The themes of alcohol and bungs are still grabbing the headlines today. But what The Damned Utd brought to life for me was the politicking of a football club. In public, clubs and teams are portrayed as matey, friendly organizations united in their struggle against their opponents. Here, we see the divisions within dressing rooms and boardrooms. We see football clubs as companies with structures and administration and rules. We see the role played by coaches and assistants. We see the backstabbing and betrayal. We see the glue that holds it all together. And the manager seems to be some way down in the pecking order, even a manager is as grand as Cloughie.
I guess most people who read the novel will have an interest in football - and probably some personal interest in Leeds Utd, Derby County or Brian Clough. But there is so much more to this astonishing novel. [...] You really just need an interest in human spirit at its very worst.
Don't let literary style put you off
At first glance Peace's choice of the seemingly unlikely
world of 1970's football to set a novel in seems strange. In fact the story of Brian
Clough's 44 days at Leeds United has everything required for a good story- corporate
intrigue, bitterness between work colleagues and an alcoholic anti-hero with
a rags to riches story.
The narrative has two alternating strands - Clough's description of the 44
days at Leeds and the story of his time in football management from his
the premature end of his playing career to taking the Leeds manager's job.
At first I didn't find this appealing but as the book progresses this style makes it clear
that his seemingly bizarre actions as Leeds manager had their roots in the attitudes
he had developed and events that had happened in his life and career
to that point such as his dismissal from Derby.
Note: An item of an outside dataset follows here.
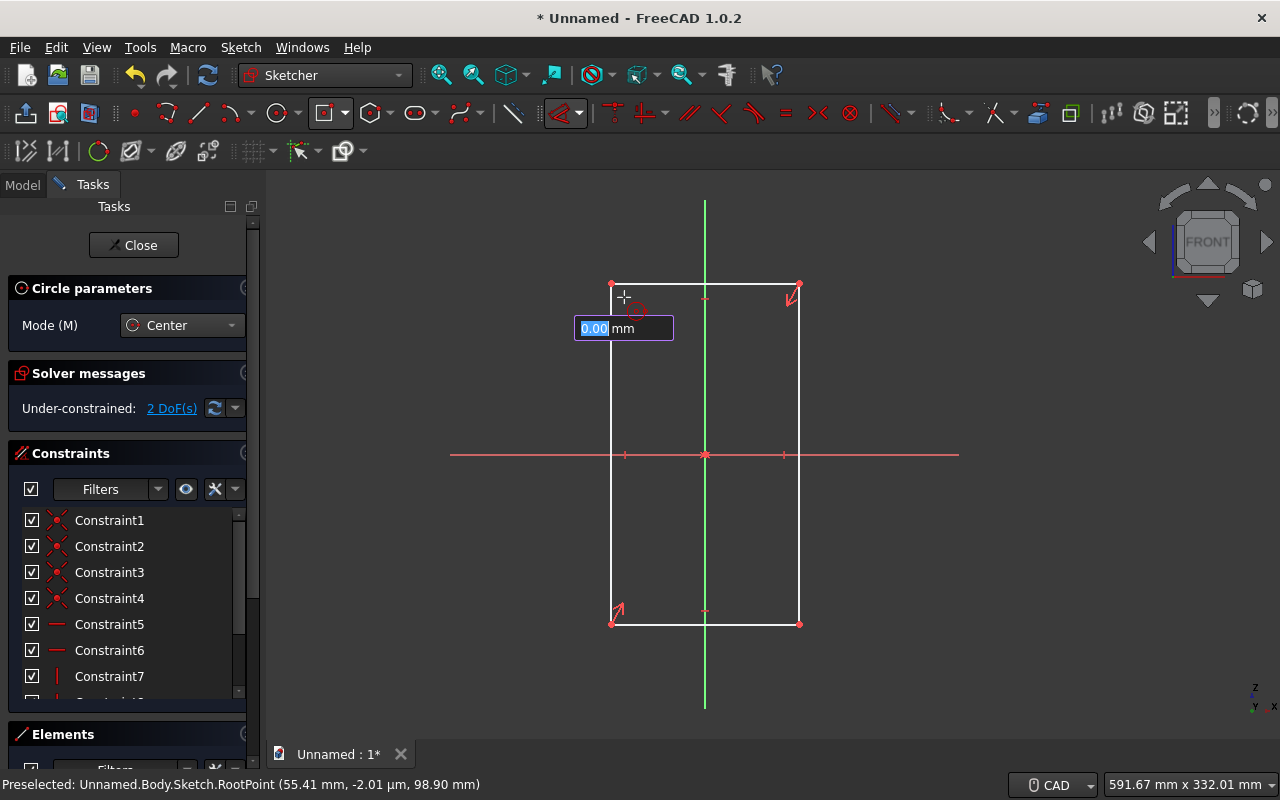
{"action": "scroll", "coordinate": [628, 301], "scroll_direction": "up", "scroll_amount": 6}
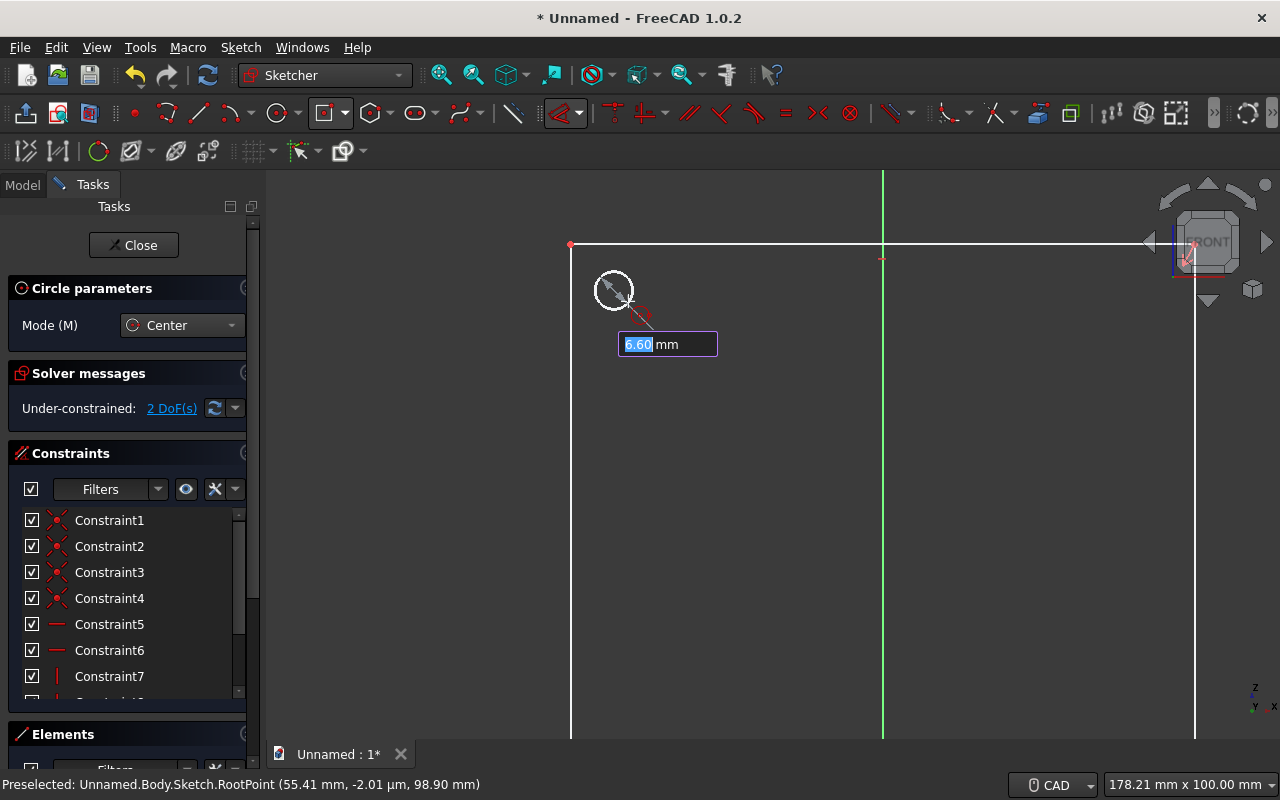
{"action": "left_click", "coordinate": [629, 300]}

It was the same actions, beliefs and events that made his premature departure from Leeds inevitable.
The constant repetition of certain phrases of Clough's internal monologue along with bizarre behaviour (e.g. burning the desk in his predecessors office) hint at a man close to the edge of sanity and knee deep in paranoia. The shadow of the hated previous Leeds manager (Don Revie) fills Clough's thoughts as he aims to completely change the style of play that had made Leeds so successful and so unpopular.
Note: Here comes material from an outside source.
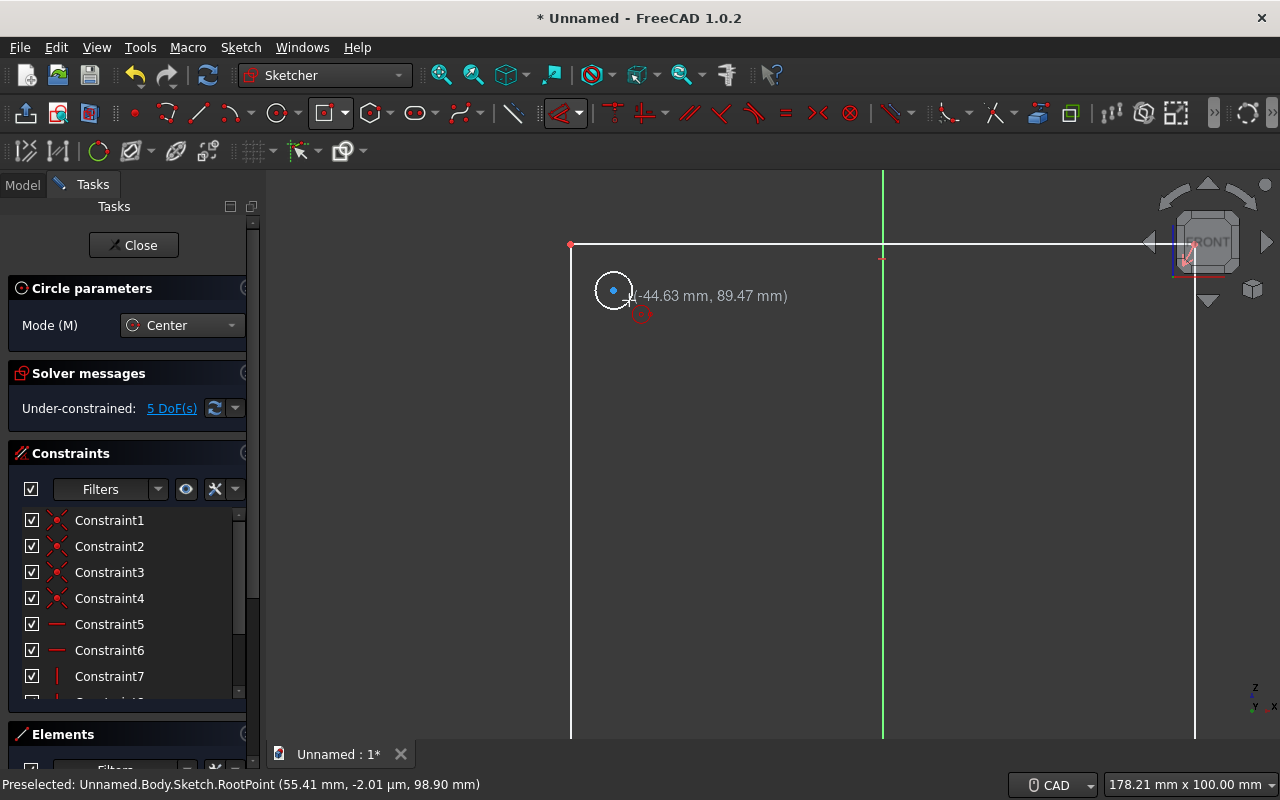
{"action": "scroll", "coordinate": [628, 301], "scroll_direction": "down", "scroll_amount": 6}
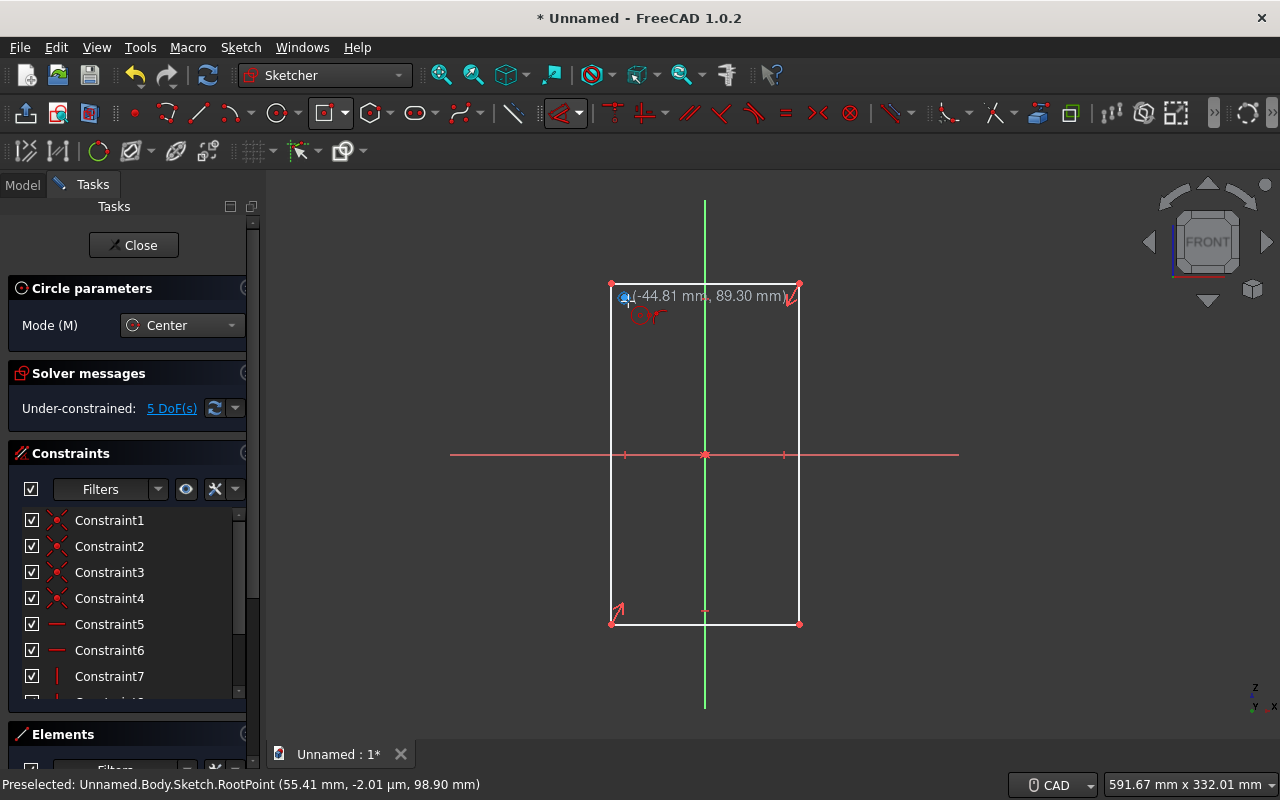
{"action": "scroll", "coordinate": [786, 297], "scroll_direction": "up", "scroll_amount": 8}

The senior Leeds players engineer his dismissal for this very reason. Clough was unwilling to give Revie or the players any credit, convinced that any success had been achieved through cheating and other underhand tactics. He appears only occasionally at training, then usually to abuse the players. At the same time he tries half heartedly to be friends with senior players such as Billy Bremner. From the start they make it clear they have no respect for him either.
Leeds and Clough was clearly a marriage made in hell. Clough's greatest success was taking Derby to the title from the second division, with considerable help from the player scouting talents of assistant manger Peter Taylor. Without Taylor at Leeds and with a ready made team he seems unable to cope. Back with Taylor again at Nottingham Forest he again builds a team from scratch and takes it to League and European glory. On this basis you wonder if would have been as good an England manager as he is often tipped to have been.
A knowledge of 70's English football is a help but definitely not essential to enjoy this book. For a reader more used to reading humdrum football autobiographies the writing style will probably seem a little wordy but as the book goes on the fascinating story will help you to forget this.